Nor is this all. You would think that such a great success story as the City would have few serious detractors within, only those trying to make it even better. Unfortunately there are quislings. Not only are some of the banks like Deutsche Bank firmly on the EU side, as we would expect, there is now a branch of the Britain in Europe campaign in the City set up just over a year ago with over 50 members on its council. Many superannuated politicians now have remunerative and influential positions in the City.

Here are just a few of the old favourites active in the City in Europe: Lord Brittan and Lord Tristran Garel-Jones at UBS Warburg; Lord Tugendhat, Chairman of TU Fund Managers; Lord Howe at JP Morgan; Peter Sutherland, Chairman of Goldman Sachs; Lord Dick Taverne, Chairman of AXA, and Adair Turner, Vice Chairman of Merrill Lynch Europe. Interestingly, the Chief Economists of both KPMG and PricewaterhouseCoopers are both members. Perhaps they are anxious for the many lucrative contracts put out by Brussels.
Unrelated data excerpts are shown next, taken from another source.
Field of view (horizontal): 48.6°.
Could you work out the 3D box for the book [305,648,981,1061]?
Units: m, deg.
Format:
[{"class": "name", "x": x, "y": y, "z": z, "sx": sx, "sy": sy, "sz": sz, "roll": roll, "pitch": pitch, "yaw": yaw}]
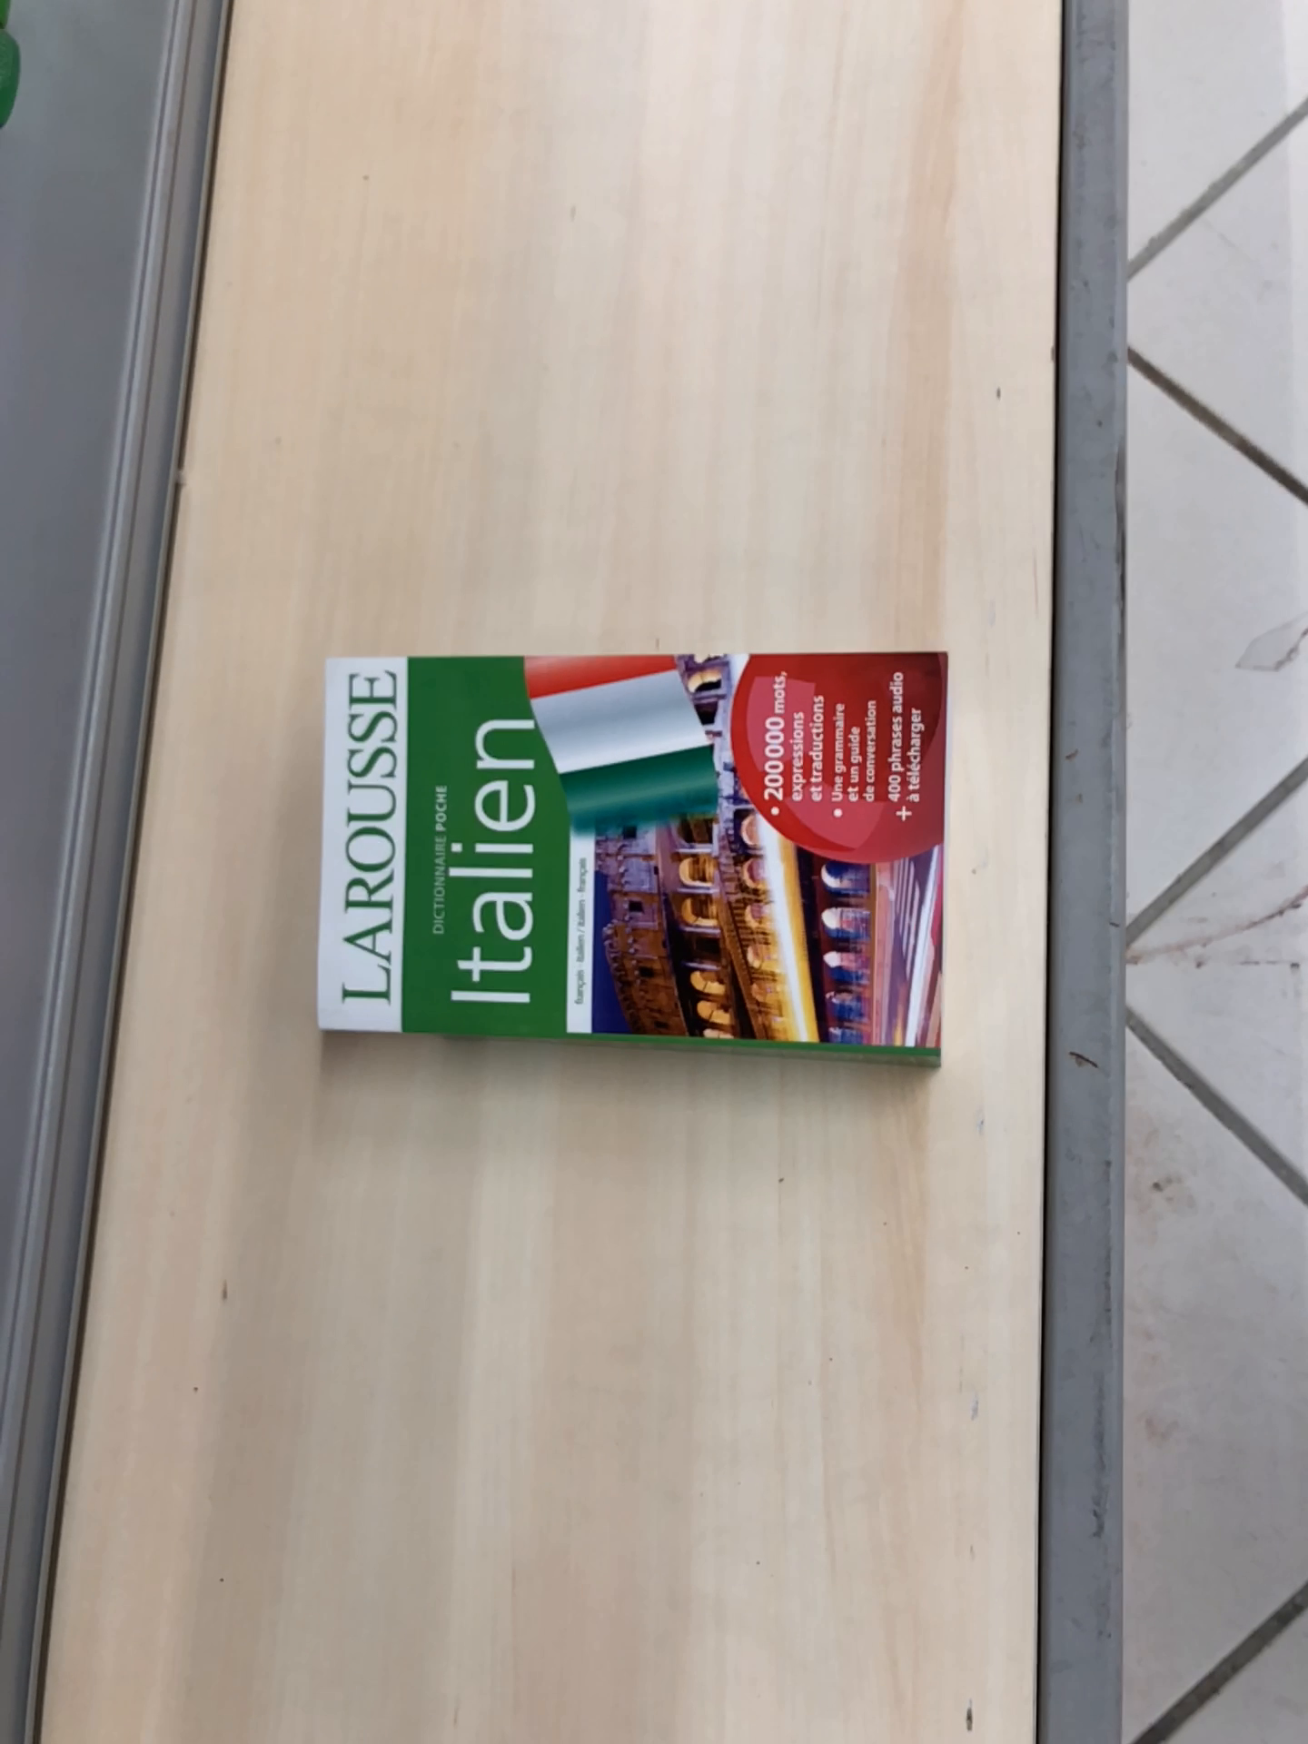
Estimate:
[{"class": "book", "x": 0.000, "y": -0.004, "z": 0.419, "sx": 0.183, "sy": 0.045, "sz": 0.106, "roll": 1, "pitch": 77, "yaw": 12}]
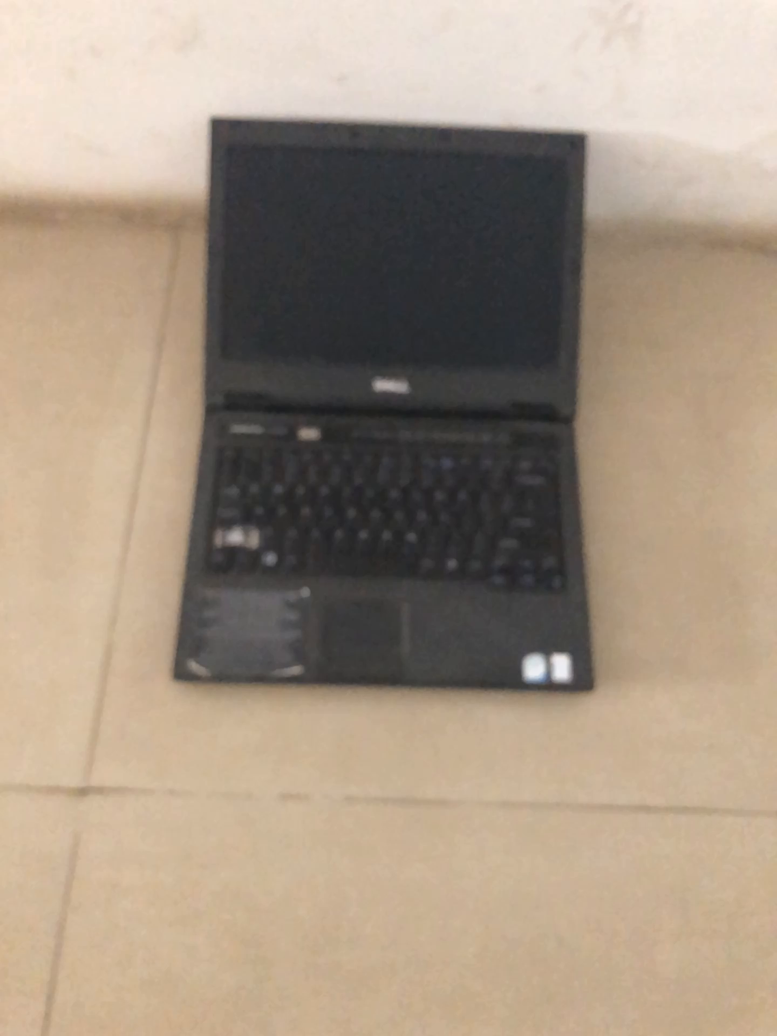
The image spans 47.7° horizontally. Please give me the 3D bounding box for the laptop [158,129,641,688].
[{"bbox_3d":[0.010,-0.098,0.686,0.299,0.114,0.433,1,65,0],"label":"laptop"}]
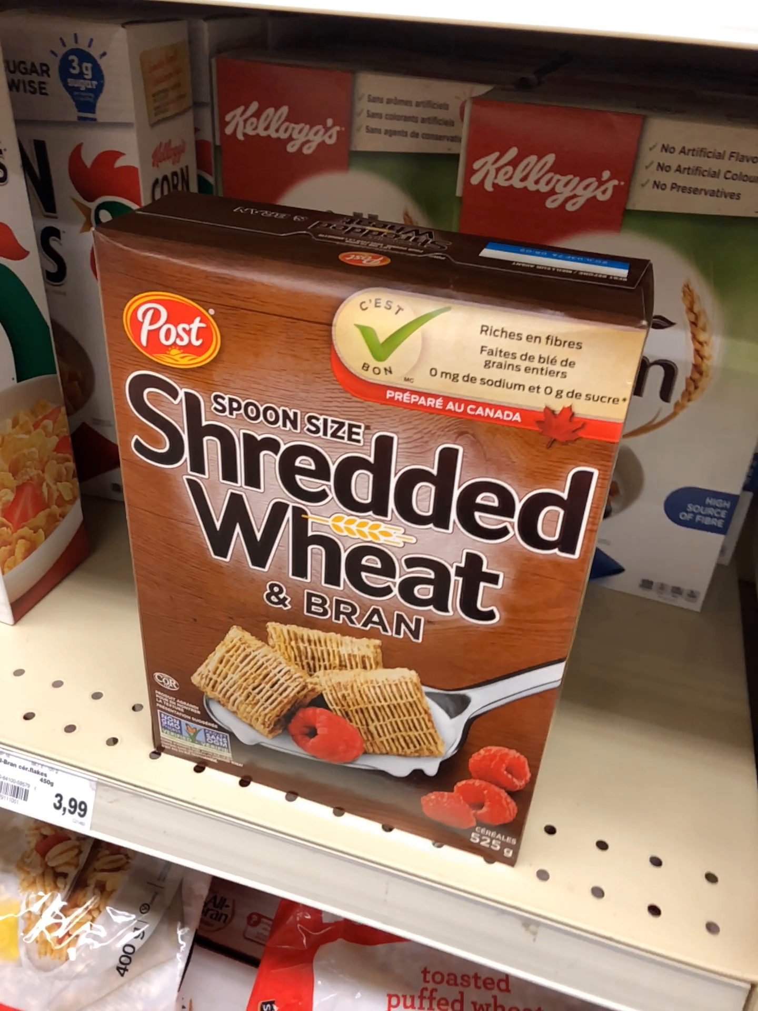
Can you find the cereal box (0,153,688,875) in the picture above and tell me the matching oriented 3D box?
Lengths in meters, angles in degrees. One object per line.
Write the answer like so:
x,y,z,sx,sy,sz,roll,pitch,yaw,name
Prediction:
-0.017,0.010,0.335,0.210,0.248,0.071,13,35,14,cereal box

In conclusion, we in the UK are being lined up to take the financial strain from the struggling German economy. And French and German envy and their need to dominate and control are paramount. As a result we will be very second-rate, on the fringes of Europe.

I am sad to say as a Conservative that my party in Strasbourg not only voted for the Single Financial Market, but in speeches enthusiastically supported it.

There can be no excuse for cheering at the destruction of the City of London.